• _Problem statement_:
Starting at the line with "Page size: 1164x1607." and going on through the line with "For every layout", reproduce each line in the records below exactly and nothing more.

• _Source data_:
»»
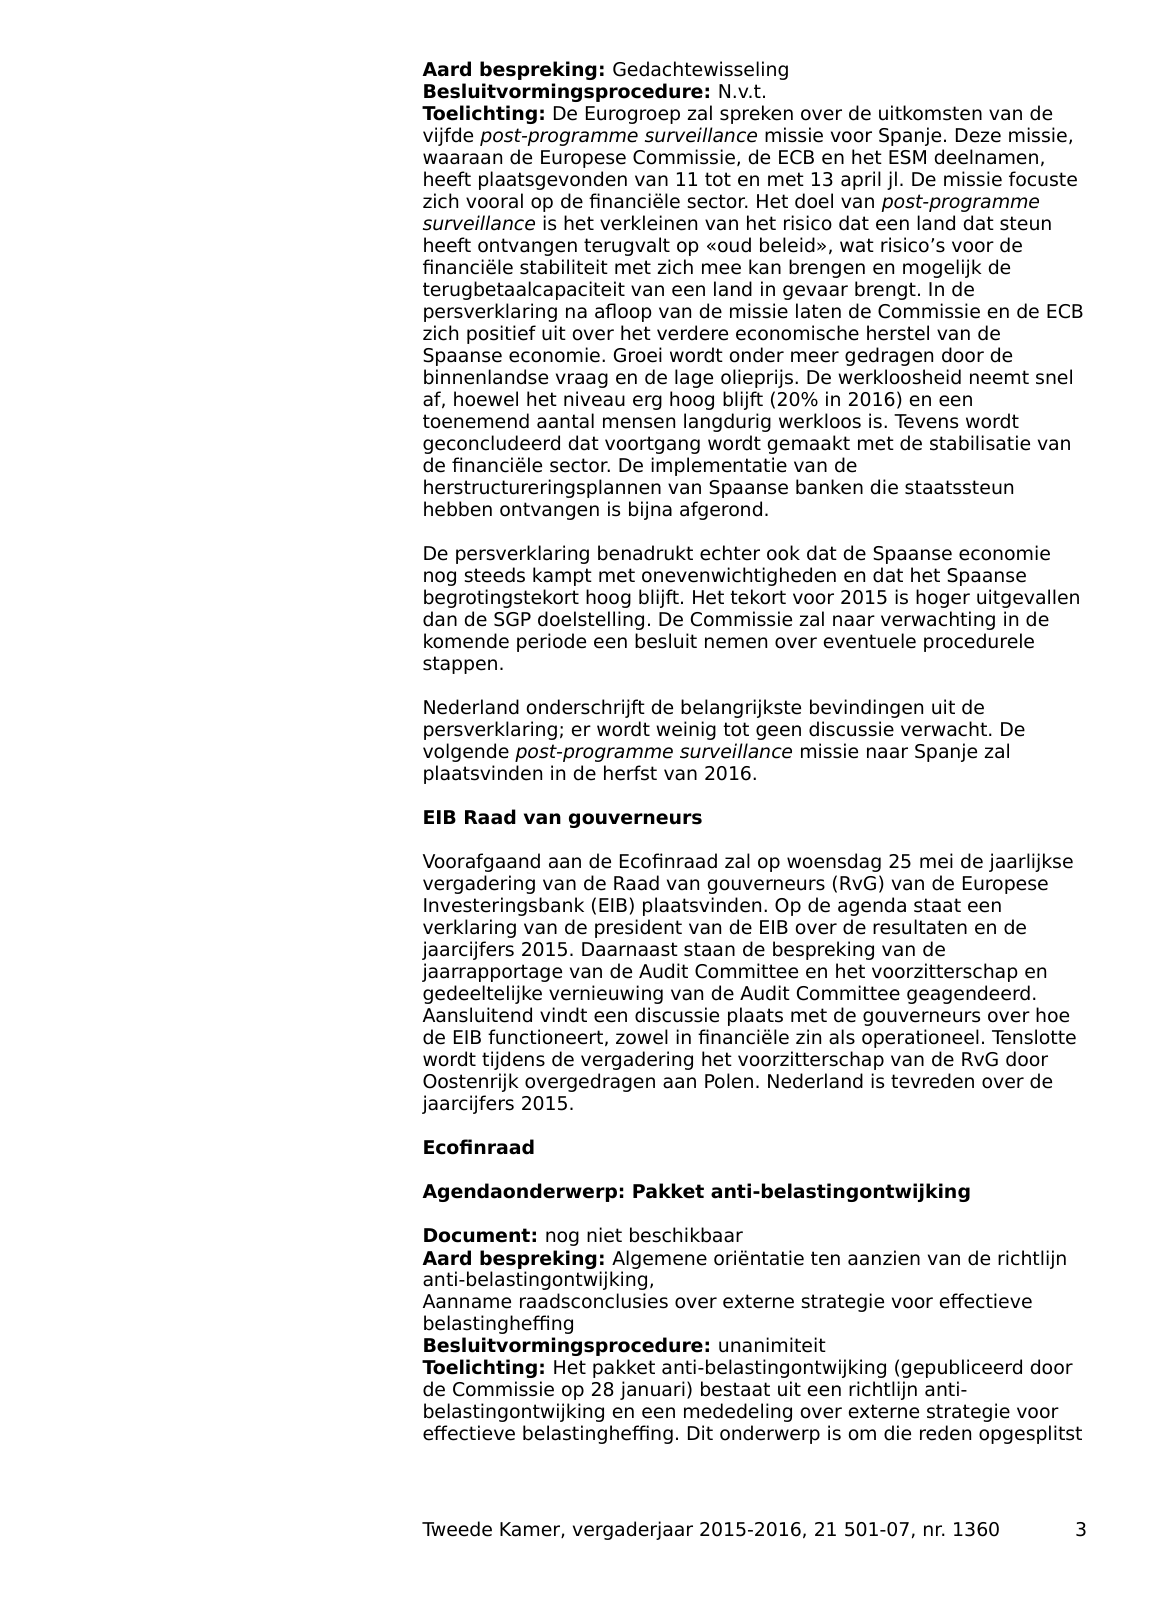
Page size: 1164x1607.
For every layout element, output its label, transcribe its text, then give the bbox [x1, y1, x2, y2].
««
»»
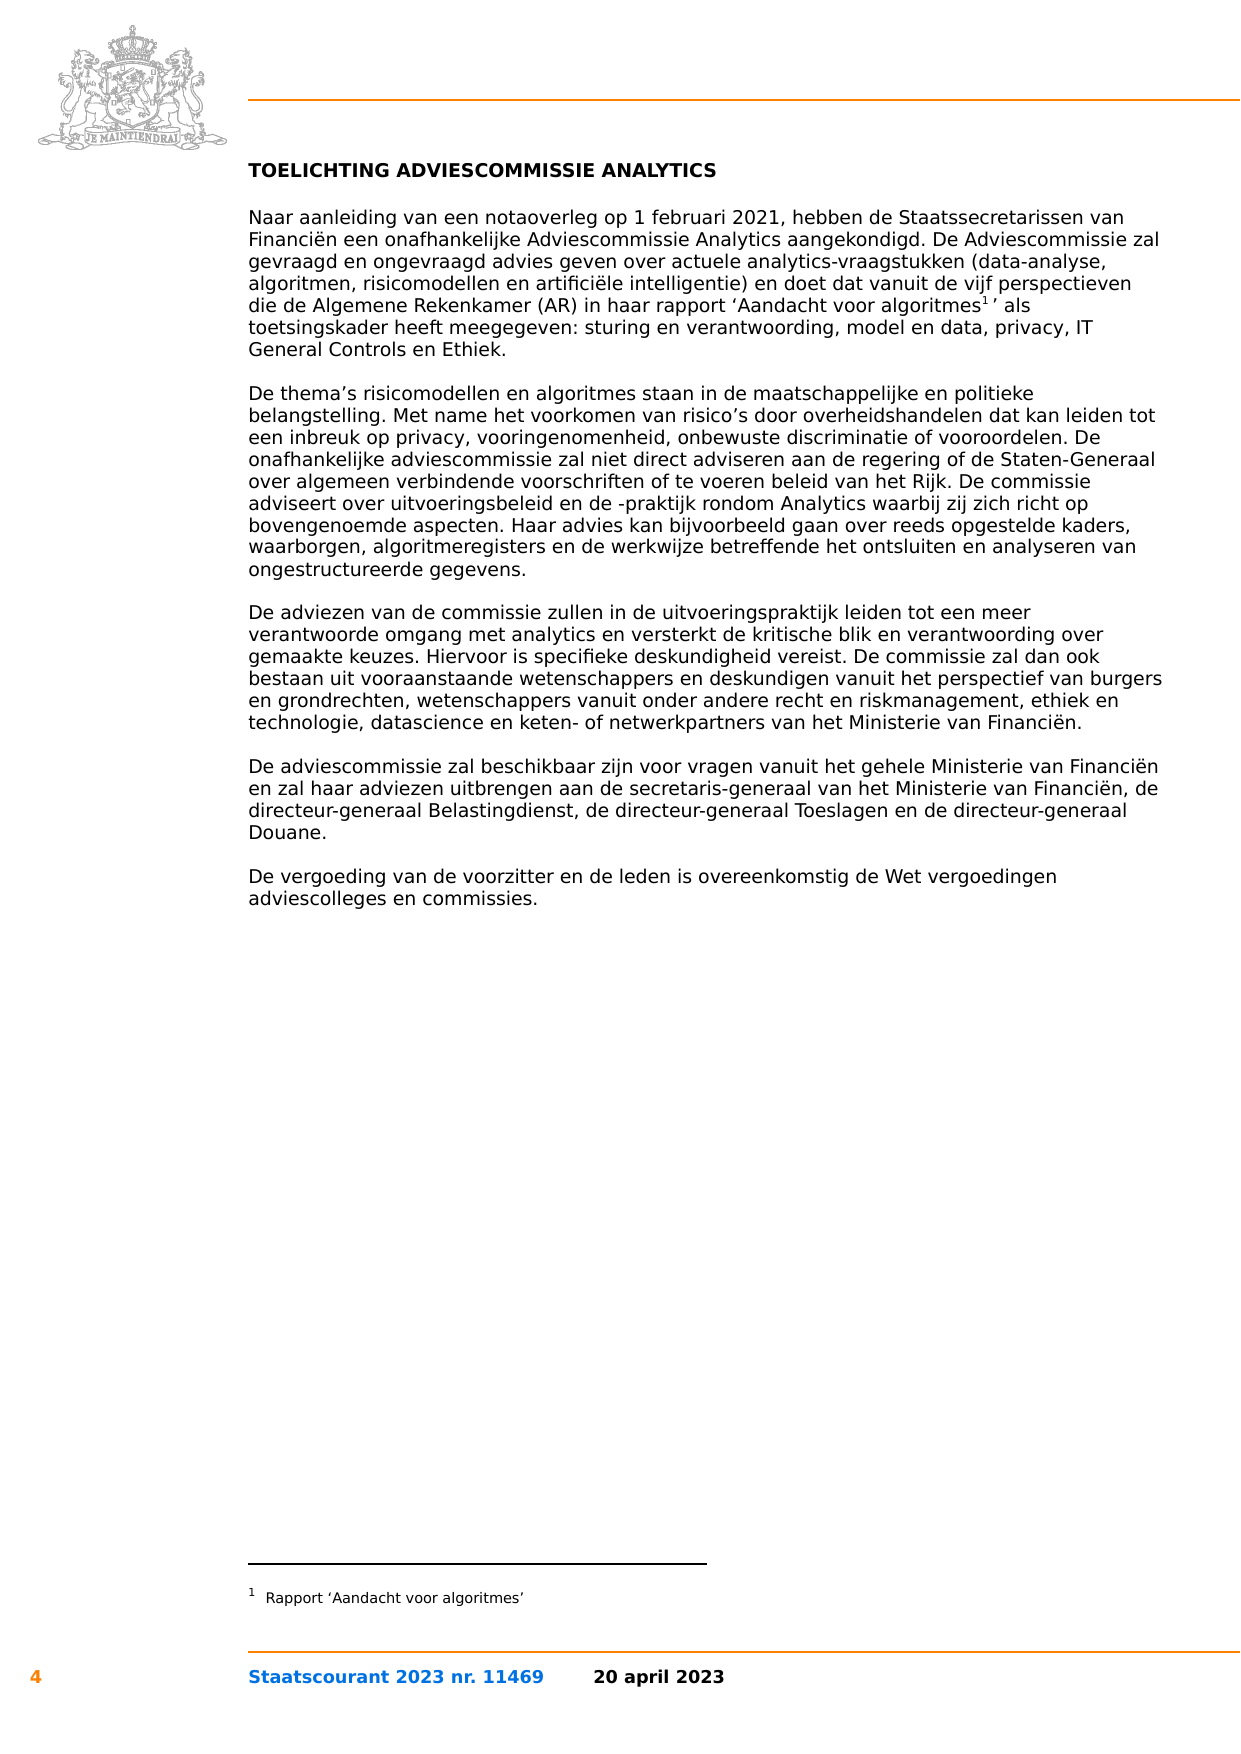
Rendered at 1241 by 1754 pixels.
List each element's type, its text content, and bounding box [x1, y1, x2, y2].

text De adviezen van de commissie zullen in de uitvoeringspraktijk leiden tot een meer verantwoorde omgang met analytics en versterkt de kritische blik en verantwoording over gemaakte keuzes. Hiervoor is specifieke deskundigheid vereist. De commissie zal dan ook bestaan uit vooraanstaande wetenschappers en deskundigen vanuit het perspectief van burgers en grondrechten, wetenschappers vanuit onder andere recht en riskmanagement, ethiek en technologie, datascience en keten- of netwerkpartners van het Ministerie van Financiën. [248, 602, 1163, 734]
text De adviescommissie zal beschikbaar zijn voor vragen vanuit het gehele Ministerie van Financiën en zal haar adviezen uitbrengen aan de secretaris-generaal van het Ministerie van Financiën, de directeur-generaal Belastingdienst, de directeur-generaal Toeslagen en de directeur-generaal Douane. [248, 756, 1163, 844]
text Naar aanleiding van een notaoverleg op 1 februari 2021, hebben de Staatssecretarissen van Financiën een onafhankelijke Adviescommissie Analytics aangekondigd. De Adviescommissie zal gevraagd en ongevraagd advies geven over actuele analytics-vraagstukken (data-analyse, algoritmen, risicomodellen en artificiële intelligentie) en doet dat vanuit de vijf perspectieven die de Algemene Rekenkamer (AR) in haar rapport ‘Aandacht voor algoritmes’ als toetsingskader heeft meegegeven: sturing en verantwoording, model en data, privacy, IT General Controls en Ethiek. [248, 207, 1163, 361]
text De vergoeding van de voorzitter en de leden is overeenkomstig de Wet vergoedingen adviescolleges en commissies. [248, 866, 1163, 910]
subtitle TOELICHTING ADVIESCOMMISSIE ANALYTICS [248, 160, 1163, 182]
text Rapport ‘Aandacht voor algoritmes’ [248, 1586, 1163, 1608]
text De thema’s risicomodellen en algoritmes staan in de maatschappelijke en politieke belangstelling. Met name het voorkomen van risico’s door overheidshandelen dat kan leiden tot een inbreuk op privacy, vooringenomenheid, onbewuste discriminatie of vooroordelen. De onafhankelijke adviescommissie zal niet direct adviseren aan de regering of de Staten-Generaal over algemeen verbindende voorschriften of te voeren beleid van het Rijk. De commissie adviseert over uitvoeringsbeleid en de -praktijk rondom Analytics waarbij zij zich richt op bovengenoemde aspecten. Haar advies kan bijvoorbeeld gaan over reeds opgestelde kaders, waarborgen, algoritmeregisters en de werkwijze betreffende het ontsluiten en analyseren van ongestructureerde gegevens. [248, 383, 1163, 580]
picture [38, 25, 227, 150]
««
• _Task result_:
Page size: 1164x1607.
For every layout element, output its label, transcribe its text, then give the bbox [x1, y1, x2, y2].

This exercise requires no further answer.